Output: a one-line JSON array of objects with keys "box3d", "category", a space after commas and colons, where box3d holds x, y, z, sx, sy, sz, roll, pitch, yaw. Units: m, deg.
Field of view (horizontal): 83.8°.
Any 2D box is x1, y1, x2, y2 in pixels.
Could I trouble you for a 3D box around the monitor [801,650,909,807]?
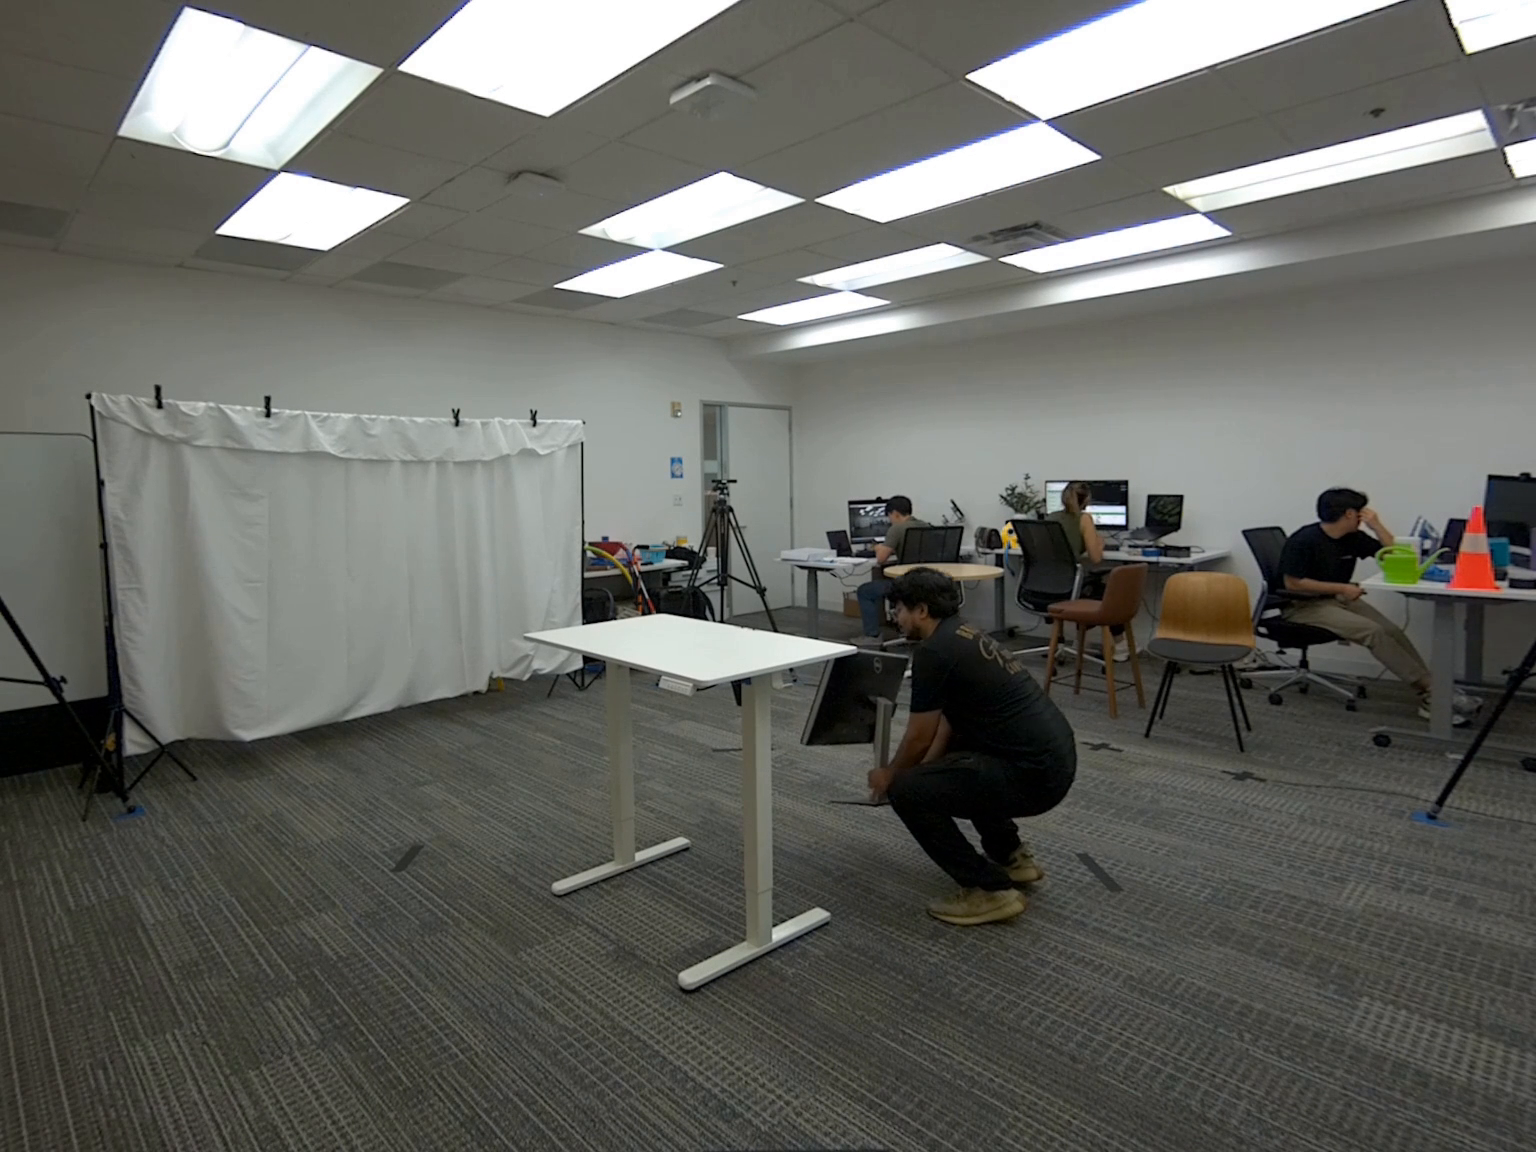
[{"box3d": [0.387, 0.551, 3.139, 0.217, 0.555, 0.546, 8, -4, 39], "category": "monitor"}]

WORK REQUIRED: Write out, exactly and with nothing added, every line from the one that holds "Field of view (horizontal): 83.8°." to the end of the entries above; pictures stay out.

SOLUTION TO THIS TASK:
Field of view (horizontal): 83.8°.
Any 2D box is x1, y1, x2, y2 in pixels.
Could I trouble you for a 3D box around the monitor [801,650,909,807]?
[{"box3d": [0.387, 0.551, 3.139, 0.217, 0.555, 0.546, 8, -4, 39], "category": "monitor"}]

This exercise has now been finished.